The Obama Nullification Doctrine
In December 1828, South Carolina had 5,000 copies of John C. Calhoun’s “Exposition and Protest” printed and distributed throughout the state. A defiant document, Calhoun’s “Exposition” outlined a theory of constitutional interpretation first adumbrated in the infamous Kentucky and Virginia Resolutions, which asseverated the right of states to declare “null and void” acts of the federal government within their respective jurisdictions. These instances of the nullification doctrine were based on the view that certain acts of the federal government could be deemed unconstitutional by state authorities and reserved to states the option of interposing their sovereign will between their citizens and officials attempting to enforce national law.
In his “Disquisition on Government,” which appeared two decades later, Calhoun explained, “It is this negative power—the power of preventing or arresting the action of the government—be it called by what term it may—veto, interposition, nullification, check, or balance of power—which, in fact, forms the Constitution.”
In short, a valid Constitution should allow any of its constituent parts to interpret its terms any way it likes, regardless of the Supremacy Clause, or those pesky introductory words to the acclaimed document, which state, “We the People”—or the first Article of the Constitution, which assigns to Congress the authority to make national law.
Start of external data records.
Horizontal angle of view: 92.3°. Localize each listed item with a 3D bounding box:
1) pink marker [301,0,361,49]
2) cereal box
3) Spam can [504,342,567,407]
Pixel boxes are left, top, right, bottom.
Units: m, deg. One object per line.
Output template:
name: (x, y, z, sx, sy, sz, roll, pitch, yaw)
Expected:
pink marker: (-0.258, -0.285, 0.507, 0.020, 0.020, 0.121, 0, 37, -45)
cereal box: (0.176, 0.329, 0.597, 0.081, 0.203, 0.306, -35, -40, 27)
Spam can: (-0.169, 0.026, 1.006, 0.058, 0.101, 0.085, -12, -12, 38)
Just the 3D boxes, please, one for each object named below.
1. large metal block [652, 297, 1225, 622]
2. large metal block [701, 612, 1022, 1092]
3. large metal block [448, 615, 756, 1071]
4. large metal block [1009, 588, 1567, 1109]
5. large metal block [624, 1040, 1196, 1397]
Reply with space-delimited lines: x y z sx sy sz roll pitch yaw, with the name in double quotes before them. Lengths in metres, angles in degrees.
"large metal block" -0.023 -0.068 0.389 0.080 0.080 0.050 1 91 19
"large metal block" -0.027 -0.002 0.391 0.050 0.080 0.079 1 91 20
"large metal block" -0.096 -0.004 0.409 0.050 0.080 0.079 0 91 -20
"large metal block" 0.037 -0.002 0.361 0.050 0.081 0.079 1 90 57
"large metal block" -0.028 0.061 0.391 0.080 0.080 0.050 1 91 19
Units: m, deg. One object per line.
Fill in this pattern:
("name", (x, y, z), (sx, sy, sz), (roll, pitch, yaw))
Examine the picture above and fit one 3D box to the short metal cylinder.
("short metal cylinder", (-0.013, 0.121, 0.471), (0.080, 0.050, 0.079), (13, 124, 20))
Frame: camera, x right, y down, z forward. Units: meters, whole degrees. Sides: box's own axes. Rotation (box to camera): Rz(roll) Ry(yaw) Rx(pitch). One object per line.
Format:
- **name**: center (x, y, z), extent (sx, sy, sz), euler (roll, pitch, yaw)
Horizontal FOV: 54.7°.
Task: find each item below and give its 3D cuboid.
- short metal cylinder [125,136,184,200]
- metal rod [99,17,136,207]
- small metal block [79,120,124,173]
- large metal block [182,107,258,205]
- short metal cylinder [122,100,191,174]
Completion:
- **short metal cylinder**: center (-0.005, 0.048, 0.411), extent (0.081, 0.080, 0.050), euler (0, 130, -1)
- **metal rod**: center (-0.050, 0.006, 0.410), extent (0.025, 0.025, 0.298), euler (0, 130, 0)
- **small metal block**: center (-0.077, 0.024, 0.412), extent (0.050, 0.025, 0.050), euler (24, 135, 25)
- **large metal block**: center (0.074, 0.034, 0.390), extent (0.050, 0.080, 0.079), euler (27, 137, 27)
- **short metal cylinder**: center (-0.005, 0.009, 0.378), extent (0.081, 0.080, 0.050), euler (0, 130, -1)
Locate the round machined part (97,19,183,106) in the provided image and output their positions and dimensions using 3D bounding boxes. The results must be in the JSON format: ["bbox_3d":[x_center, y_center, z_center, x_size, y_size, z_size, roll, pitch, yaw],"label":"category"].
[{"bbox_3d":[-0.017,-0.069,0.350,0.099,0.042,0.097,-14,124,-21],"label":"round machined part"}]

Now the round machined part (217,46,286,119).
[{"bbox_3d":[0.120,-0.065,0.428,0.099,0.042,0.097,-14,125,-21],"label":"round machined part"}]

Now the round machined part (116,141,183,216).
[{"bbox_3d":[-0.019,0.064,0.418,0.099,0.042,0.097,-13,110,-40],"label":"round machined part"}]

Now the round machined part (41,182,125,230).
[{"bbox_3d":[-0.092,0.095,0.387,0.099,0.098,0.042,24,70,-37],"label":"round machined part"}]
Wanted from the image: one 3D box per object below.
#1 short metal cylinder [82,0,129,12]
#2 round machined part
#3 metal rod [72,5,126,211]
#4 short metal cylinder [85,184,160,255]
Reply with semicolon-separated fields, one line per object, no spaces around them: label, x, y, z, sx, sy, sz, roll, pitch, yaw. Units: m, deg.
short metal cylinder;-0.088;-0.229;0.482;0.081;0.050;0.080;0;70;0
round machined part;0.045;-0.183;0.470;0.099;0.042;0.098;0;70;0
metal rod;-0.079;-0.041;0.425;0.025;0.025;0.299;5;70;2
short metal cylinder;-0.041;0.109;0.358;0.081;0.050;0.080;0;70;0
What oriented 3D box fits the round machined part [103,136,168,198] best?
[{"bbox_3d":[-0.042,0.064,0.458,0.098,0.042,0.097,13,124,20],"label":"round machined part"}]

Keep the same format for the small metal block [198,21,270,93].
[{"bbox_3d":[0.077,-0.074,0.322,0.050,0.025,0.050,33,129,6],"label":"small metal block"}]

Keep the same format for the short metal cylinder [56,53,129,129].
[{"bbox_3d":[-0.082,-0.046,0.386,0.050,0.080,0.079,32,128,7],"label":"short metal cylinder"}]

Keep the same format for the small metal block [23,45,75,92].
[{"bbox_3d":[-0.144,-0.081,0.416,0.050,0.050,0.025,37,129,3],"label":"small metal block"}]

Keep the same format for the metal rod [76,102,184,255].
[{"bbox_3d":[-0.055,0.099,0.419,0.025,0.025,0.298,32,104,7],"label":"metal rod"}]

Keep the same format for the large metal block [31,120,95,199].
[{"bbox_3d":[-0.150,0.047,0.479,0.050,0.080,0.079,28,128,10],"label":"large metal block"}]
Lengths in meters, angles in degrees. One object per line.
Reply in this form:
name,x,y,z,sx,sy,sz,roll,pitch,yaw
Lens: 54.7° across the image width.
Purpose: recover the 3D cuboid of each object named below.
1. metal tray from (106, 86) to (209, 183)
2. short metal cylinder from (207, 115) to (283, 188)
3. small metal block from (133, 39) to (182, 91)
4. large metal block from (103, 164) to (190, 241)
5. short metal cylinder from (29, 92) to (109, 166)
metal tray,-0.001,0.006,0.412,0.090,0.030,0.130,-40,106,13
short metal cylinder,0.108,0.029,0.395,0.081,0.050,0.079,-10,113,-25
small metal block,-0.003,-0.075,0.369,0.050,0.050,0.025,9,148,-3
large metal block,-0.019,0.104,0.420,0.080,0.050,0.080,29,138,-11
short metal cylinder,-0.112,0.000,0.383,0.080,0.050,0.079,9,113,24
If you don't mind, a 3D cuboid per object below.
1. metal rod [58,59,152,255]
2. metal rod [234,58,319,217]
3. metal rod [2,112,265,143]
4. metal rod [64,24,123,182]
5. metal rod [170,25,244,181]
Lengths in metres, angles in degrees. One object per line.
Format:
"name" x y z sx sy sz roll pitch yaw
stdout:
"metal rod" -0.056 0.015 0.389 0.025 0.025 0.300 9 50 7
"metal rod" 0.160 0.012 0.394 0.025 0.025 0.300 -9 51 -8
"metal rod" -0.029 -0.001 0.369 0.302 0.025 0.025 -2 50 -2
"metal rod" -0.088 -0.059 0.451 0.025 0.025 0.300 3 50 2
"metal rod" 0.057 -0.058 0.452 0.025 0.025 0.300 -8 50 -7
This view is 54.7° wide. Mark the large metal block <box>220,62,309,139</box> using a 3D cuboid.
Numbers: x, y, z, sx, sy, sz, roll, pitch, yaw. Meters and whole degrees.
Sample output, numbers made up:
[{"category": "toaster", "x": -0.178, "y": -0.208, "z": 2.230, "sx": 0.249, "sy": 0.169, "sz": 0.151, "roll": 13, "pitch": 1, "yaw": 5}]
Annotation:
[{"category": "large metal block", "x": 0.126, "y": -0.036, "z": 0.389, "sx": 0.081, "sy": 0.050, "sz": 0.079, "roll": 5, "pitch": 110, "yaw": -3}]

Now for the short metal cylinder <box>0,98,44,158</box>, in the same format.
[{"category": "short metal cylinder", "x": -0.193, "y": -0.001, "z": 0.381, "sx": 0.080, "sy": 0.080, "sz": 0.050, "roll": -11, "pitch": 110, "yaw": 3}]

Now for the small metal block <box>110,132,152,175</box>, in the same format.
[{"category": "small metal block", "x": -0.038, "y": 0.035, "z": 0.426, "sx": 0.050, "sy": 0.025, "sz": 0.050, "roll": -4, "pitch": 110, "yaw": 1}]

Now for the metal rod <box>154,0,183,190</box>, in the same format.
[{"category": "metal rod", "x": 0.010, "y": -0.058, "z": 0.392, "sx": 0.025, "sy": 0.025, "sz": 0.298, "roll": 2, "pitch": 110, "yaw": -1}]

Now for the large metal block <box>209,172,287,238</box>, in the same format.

More remarkably, Calhoun admitted in a letter written to a colleague in 1832 that the real inspiration for his nullification doctrine was safeguarding the power of the South to preserve its peculiar institution: slavery. Clearly, depraved intentions spawned this nefarious constitutional construction by Southern elites: preserve your political power by any means possible.
Interpretations like this lurk beneath the Obama administration’s recent non-enforcement of federal law. For instance, President Obama’s Department of Justice declared in 2011 that it regarded The Defense of Marriage Act (DOMA)—duly enacted by a majority in Congress, to use the president’s sophomoric constitutional reminder—to be unconstitutional and would no longer defend it in court. Oh, really? What happened to Article Two, Section Three of the U.S. Constitution, the part that enjoins the president to “take Care that the Laws be faithfully executed?” DOJ insisted it would continue to “enforce” the law, but still has managed to ignore it in several cases involving immigration and gay marriages, as pointed out by Representative Vern Buchanan (R-Fla.), one of which involved the department “vacating” a decision made by the Board of Immigration Appeals involving a gay man. And “not defending” a law in court on constitutional grounds is tantamount to lack of enforcement, because the bottom line is: if you don’t like federal law, simply don’t enforce it. Which is the federal version of nullification.
Nowhere has this nullification doctrine been more apparent or more maddening than the federal government’s refusal to enforce national immigration laws. Further, the Obama administration has announced that it no longer will abide by the so-called 287(g) agreements with the state of Arizona. These agreements permitted state and local authorities to assist in the enforcement of federal laws on immigration. Of course, if you have no intention of enforcing the law anyway, federal authorities certainly don’t want states to do it in their absence. Also, since national policy in this area has been significantly determined by executive order—since the president’s de facto amnesty announcement for children of illegal immigrations—neither Congress nor the American states seem to have any role to play.
And the nullifications keep on coming. On July 12 the Health and Human Services Department announced that it was granting waivers to certain states from the work requirements of the 1996 Welfare Reform Act, perhaps the signature achievement of the Clinton administration. Republicans reacted with predictable outrage, but also with a constitutional case to make, centering on HHS’ lack of legal authority to administer by regulation what it is denied to do by law, one that has been regarded by most observers as a huge success. As far as HHS is concerned, none of that matters, which is another egregious case of what critics have termed “executive overreach.”
But the HHS decree represents much more than that. In fact, there has been considerable commentary on Obama administration policies under the rubric of the “imperial presidency,” a term that dates back to the 1960s. However, the real doctrine is more threatening and the dangers are far deeper; the Obama-ites are not just doing their “imperial presidency” thing; they’re practicing nullification, with designs on power as suspect as those that inspired that interpretation’s notorious roots. Indeed, if the dark visage of John C. Calhoun were somehow to encounter the administration of Barack Obama, one can easily imagine a thin smile of approval cracking his stony expression. Nullification remains alive and well, though this time in federal clothing.